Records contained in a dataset
------------------------------------------------------------

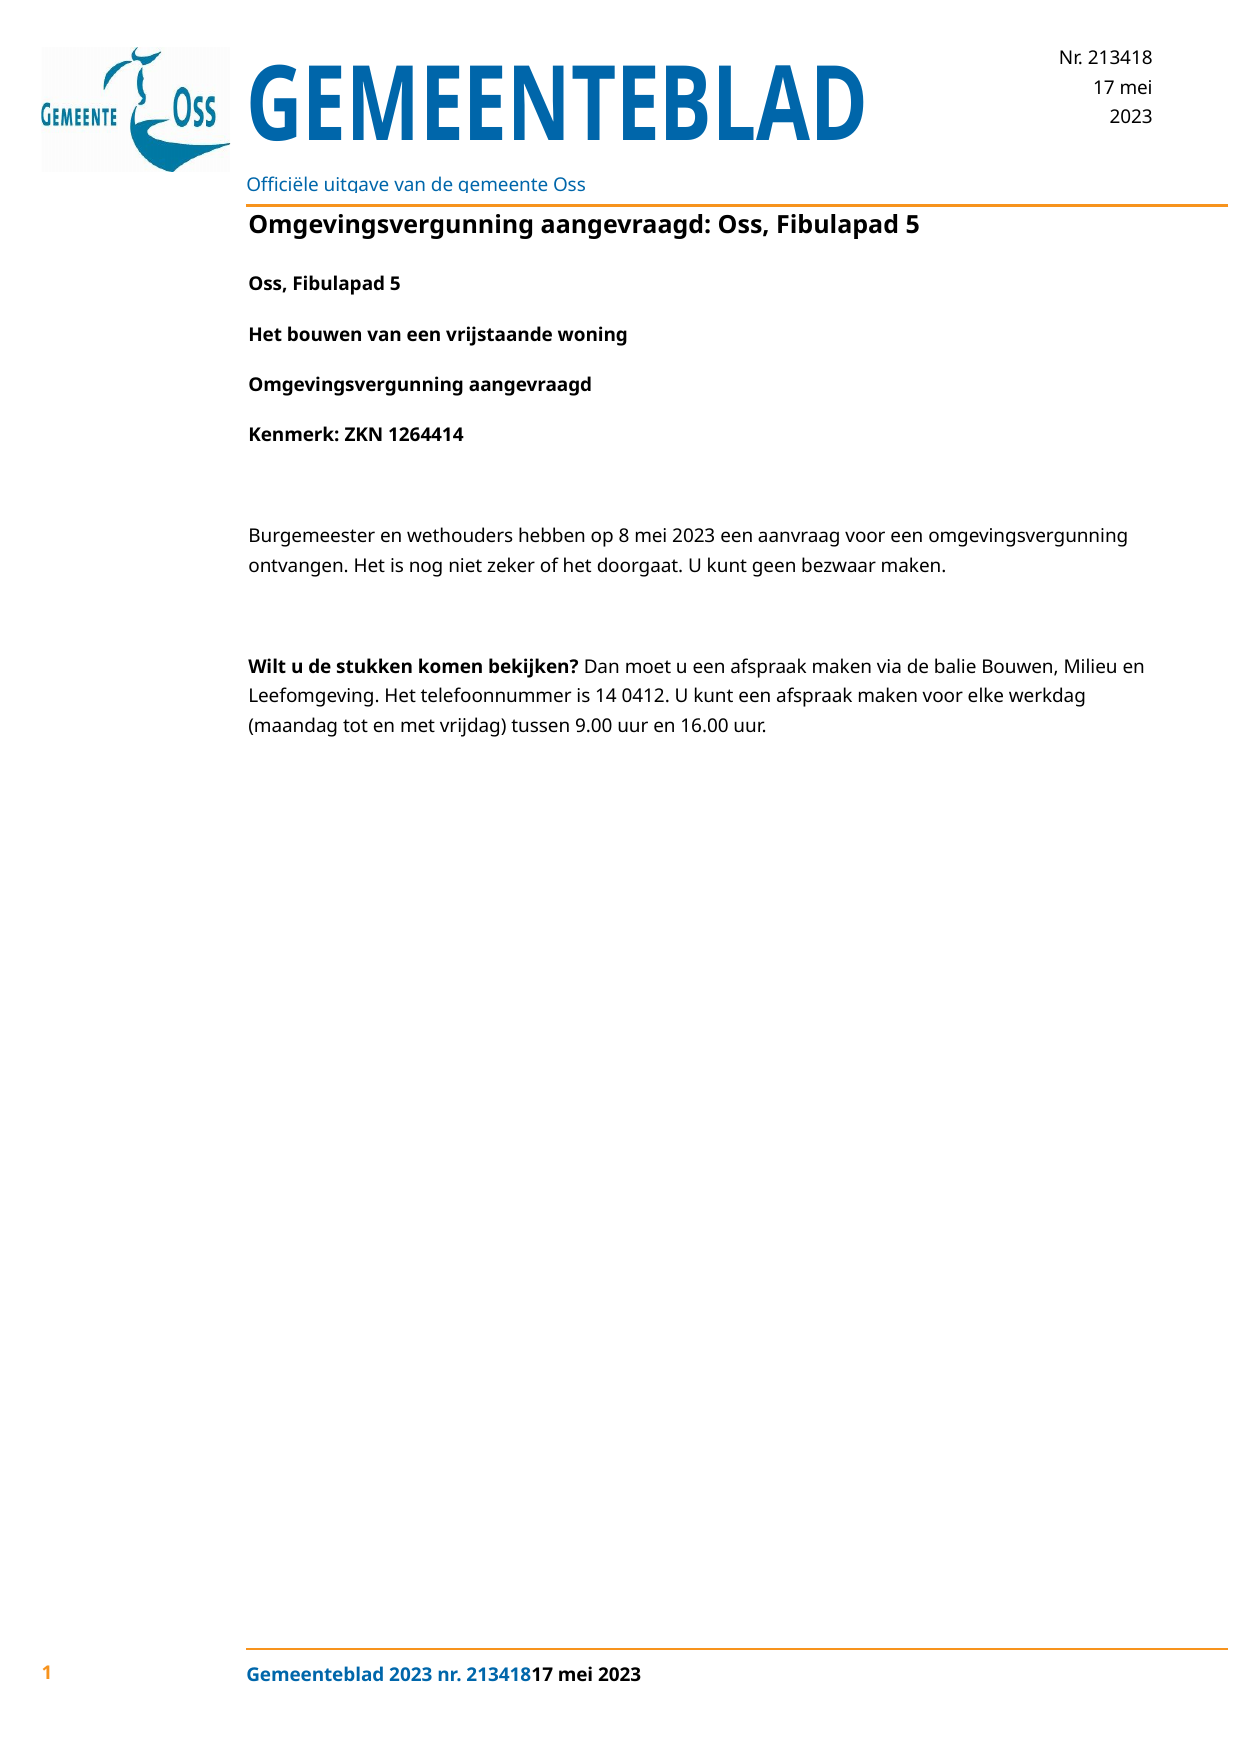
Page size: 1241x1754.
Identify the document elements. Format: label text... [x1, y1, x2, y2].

picture [41, 47, 231, 172]
text Omgevingsvergunning aangevraagd [248, 371, 1152, 397]
text Wilt u de stukken komen bekijken? Dan moet u een afspraak maken via de balie Bouwen, Milieu en Leefomgeving. Het telefoonnummer is 14 0412. U kunt een afspraak maken voor elke werkdag (maandag tot en met vrijdag) tussen 9.00 uur en 16.00 uur. [248, 653, 1152, 738]
text Burgemeester en wethouders hebben op 8 mei 2023 een aanvraag voor een omgevingsvergunning ontvangen. Het is nog niet zeker of het doorgaat. U kunt geen bezwaar maken. [248, 522, 1152, 578]
text Het bouwen van een vrijstaande woning [248, 321, 1152, 346]
text Oss, Fibulapad 5 [248, 270, 1152, 296]
text Kenmerk: ZKN 1264414 [248, 422, 1152, 447]
text Omgevingsvergunning aangevraagd: Oss, Fibulapad 5 [248, 207, 1152, 241]
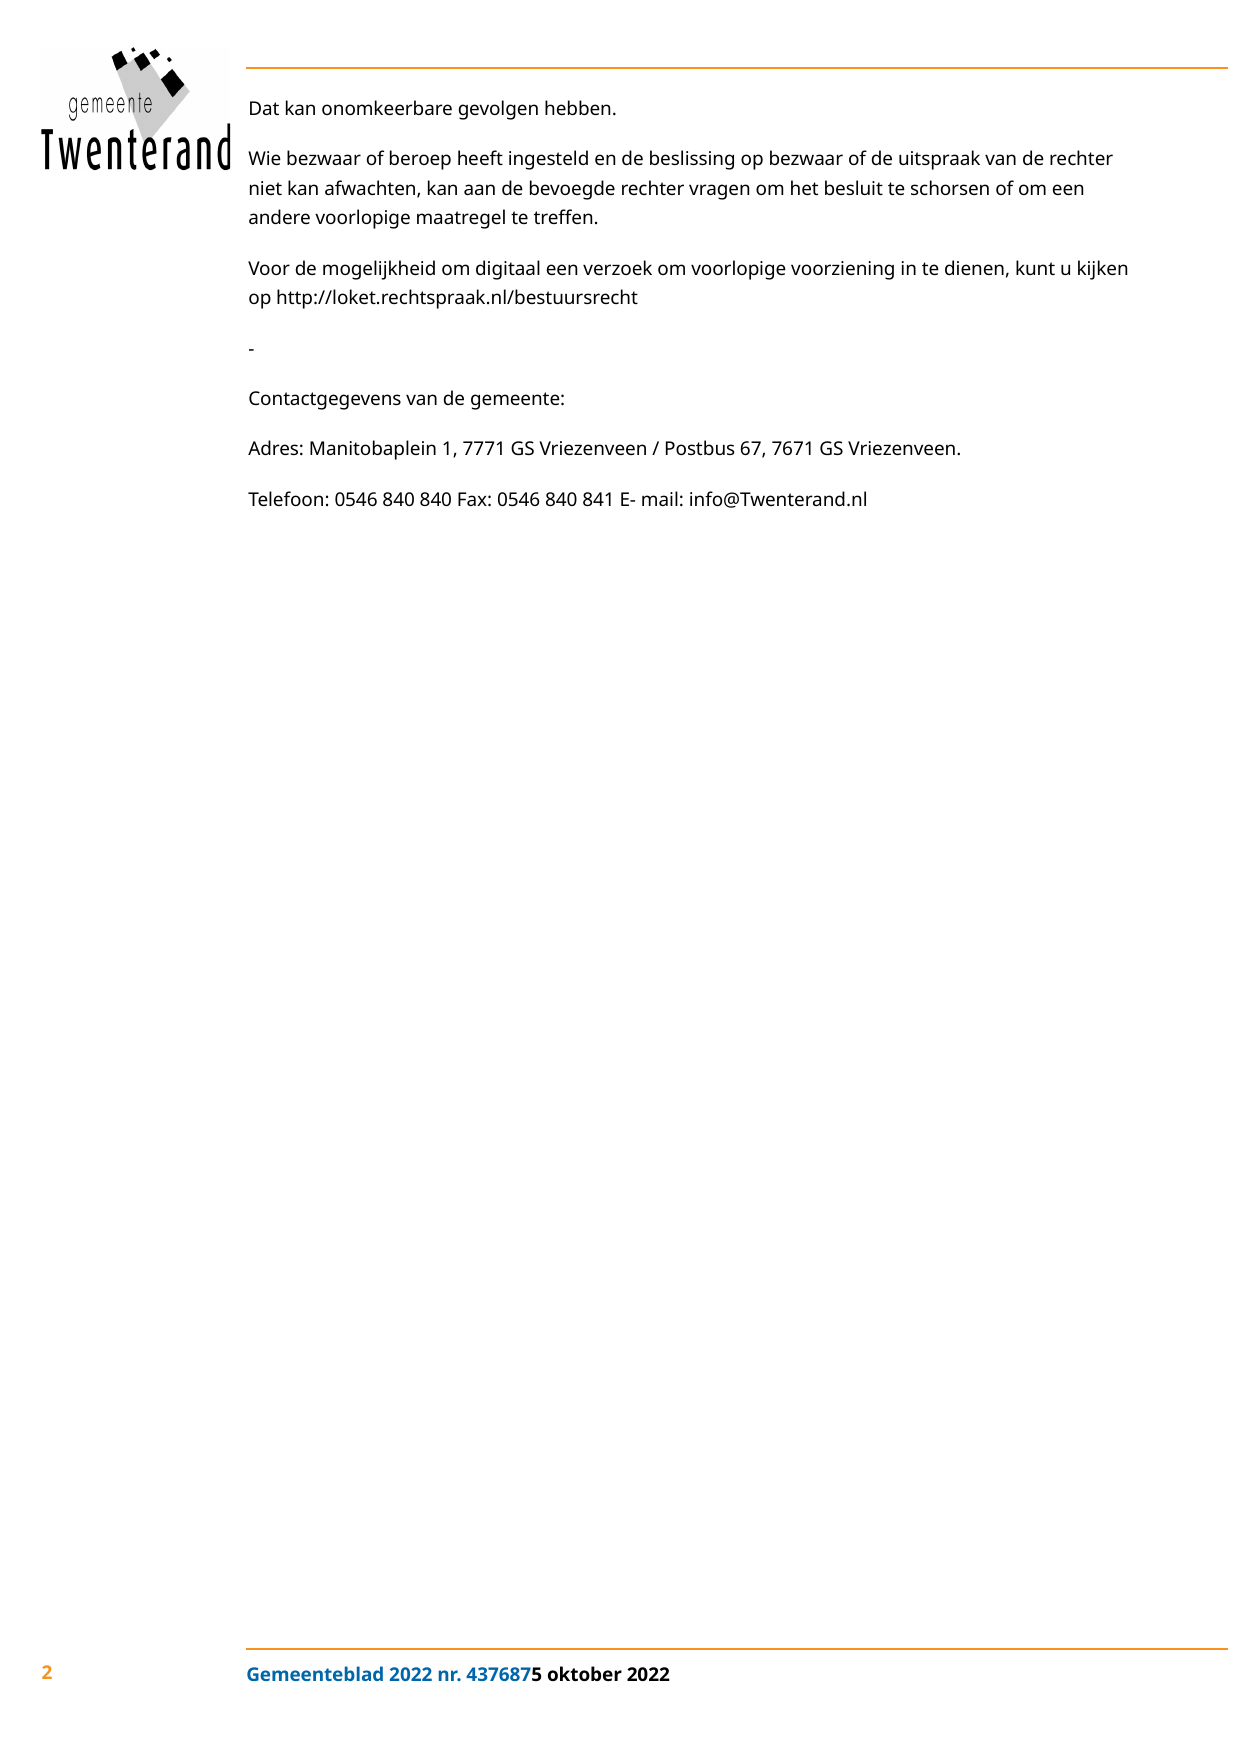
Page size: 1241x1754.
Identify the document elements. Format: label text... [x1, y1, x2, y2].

text - [248, 335, 1152, 361]
text Wie bezwaar of beroep heeft ingesteld en de beslissing op bezwaar of de uitspraak van de rechter niet kan afwachten, kan aan de bevoegde rechter vragen om het besluit te schorsen of om een andere voorlopige maatregel te treffen. [248, 145, 1152, 230]
text Contactgegevens van de gemeente: [248, 385, 1152, 411]
text Dat kan onomkeerbare gevolgen hebben. [248, 95, 1152, 121]
text Telefoon: 0546 840 840 Fax: 0546 840 841 E- mail: info@Twenterand.nl [248, 486, 1152, 512]
text Adres: Manitobaplein 1, 7771 GS Vriezenveen / Postbus 67, 7671 GS Vriezenveen. [248, 436, 1152, 461]
text Voor de mogelijkheid om digitaal een verzoek om voorlopige voorziening in te dienen, kunt u kijken op http://loket.rechtspraak.nl/bestuursrecht [248, 255, 1152, 310]
picture [41, 47, 231, 172]

------------------------------------------------------------

Your response should be each line that includes the word "maken", copied from the records.

* OUTPUT BELOW
text Wilt u de stukken komen bekijken? Dan moet u een afspraak maken via de balie Bouwen, Milieu en Leefomgeving. Het telefoonnummer is 14 0412. U kunt een afspraak maken voor elke werkdag (maandag tot en met vrijdag) tussen 9.00 uur en 16.00 uur. [248, 653, 1152, 738]
text Burgemeester en wethouders hebben op 8 mei 2023 een aanvraag voor een omgevingsvergunning ontvangen. Het is nog niet zeker of het doorgaat. U kunt geen bezwaar maken. [248, 522, 1152, 578]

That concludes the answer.